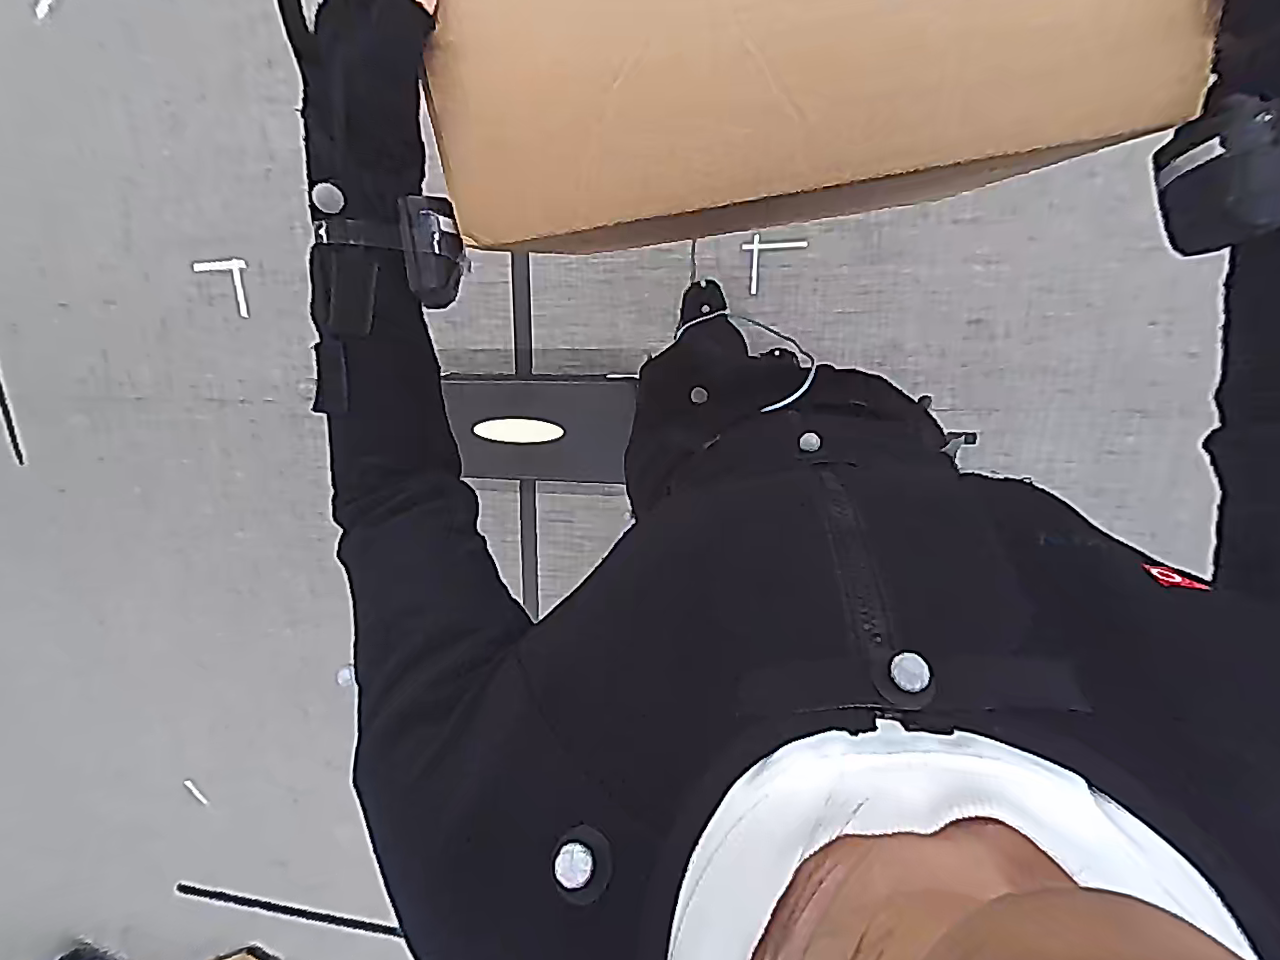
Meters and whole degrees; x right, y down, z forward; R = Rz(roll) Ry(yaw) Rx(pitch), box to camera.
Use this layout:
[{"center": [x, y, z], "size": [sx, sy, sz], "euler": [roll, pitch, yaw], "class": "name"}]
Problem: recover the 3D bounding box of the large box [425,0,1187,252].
[{"center": [0.083, -0.375, 0.408], "size": [0.408, 0.320, 0.320], "euler": [-6, 111, 10], "class": "large box"}]
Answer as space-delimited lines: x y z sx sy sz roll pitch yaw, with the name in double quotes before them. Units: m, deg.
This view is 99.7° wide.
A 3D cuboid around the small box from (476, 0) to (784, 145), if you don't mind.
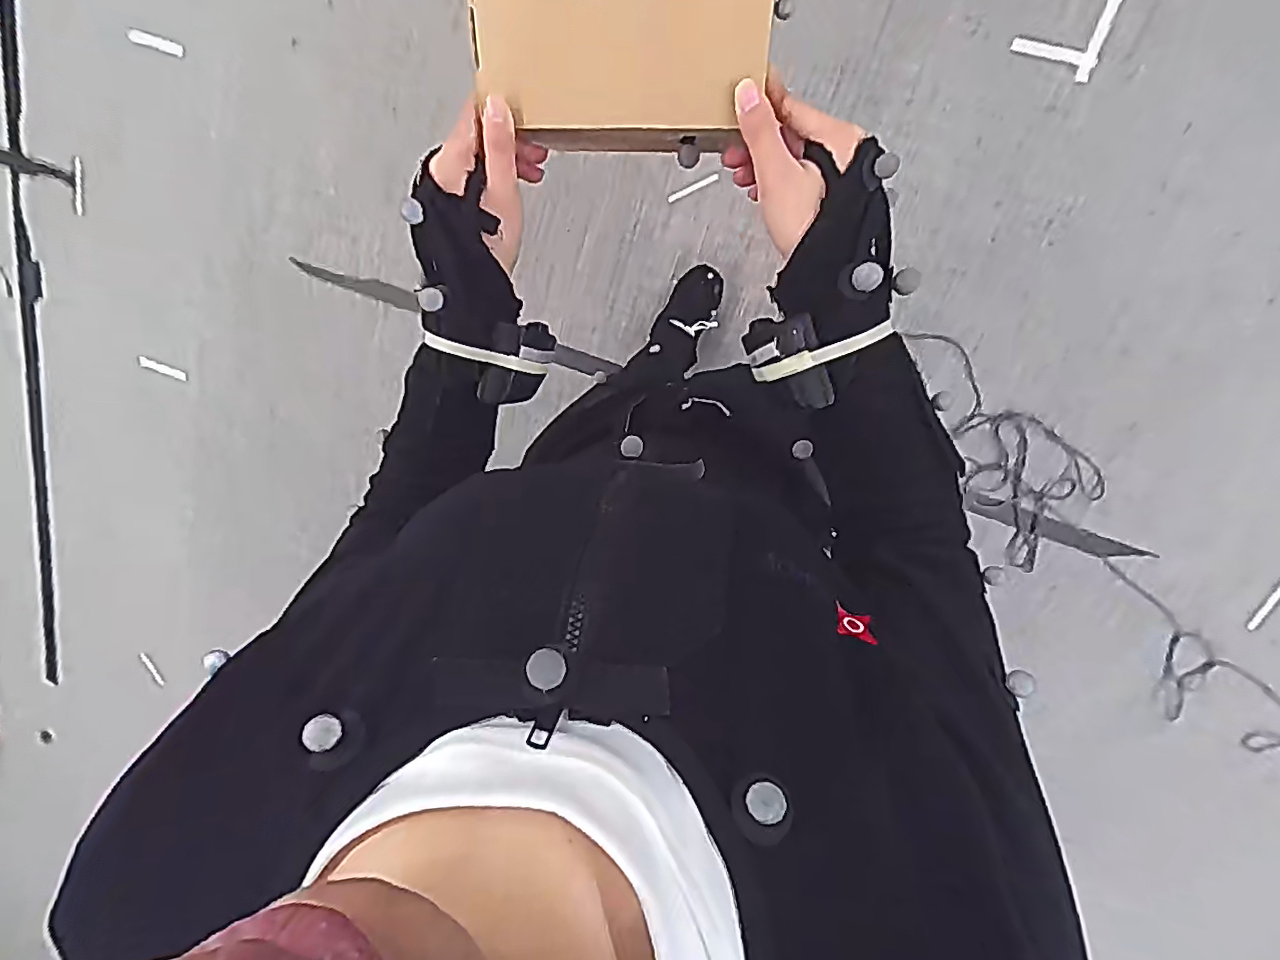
"small box" 0.004 -0.329 0.359 0.179 0.176 0.168 6 117 8
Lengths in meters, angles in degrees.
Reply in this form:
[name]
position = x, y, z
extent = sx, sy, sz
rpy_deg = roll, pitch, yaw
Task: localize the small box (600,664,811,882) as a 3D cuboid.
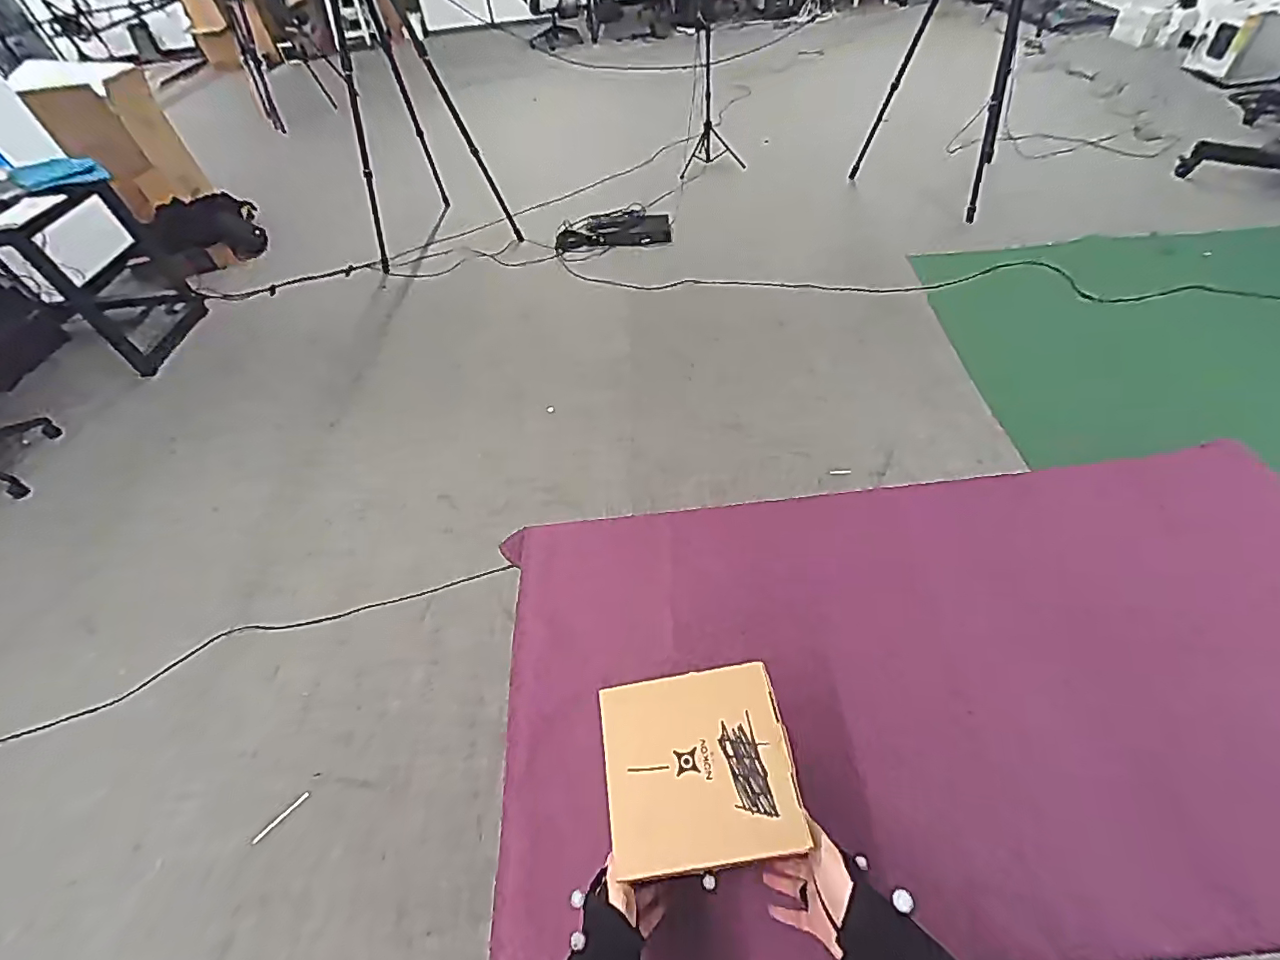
[small box]
position = 0.063, 0.313, 0.575
extent = 0.179, 0.176, 0.168
rpy_deg = -11, 52, 2
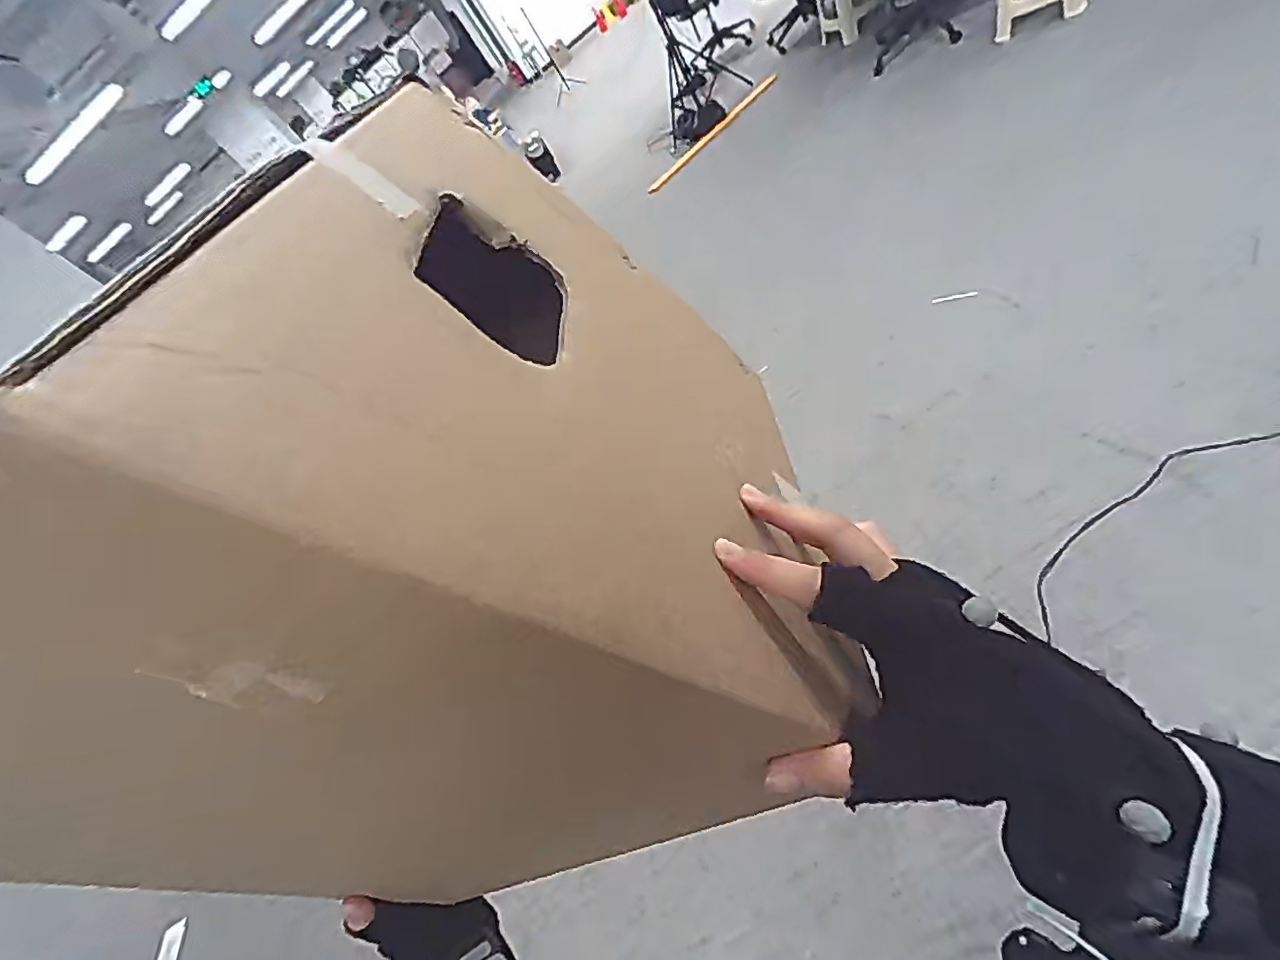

- Instructions for the task
Copy out only the lines beginning at the line with "Task: localize the" and ending at the last line of the entries. Keep them exact; drop pictures.

- Worked solution
Task: localize the small box (600,664,811,882) as a 3D cuboid.
[small box]
position = 0.063, 0.313, 0.575
extent = 0.179, 0.176, 0.168
rpy_deg = -11, 52, 2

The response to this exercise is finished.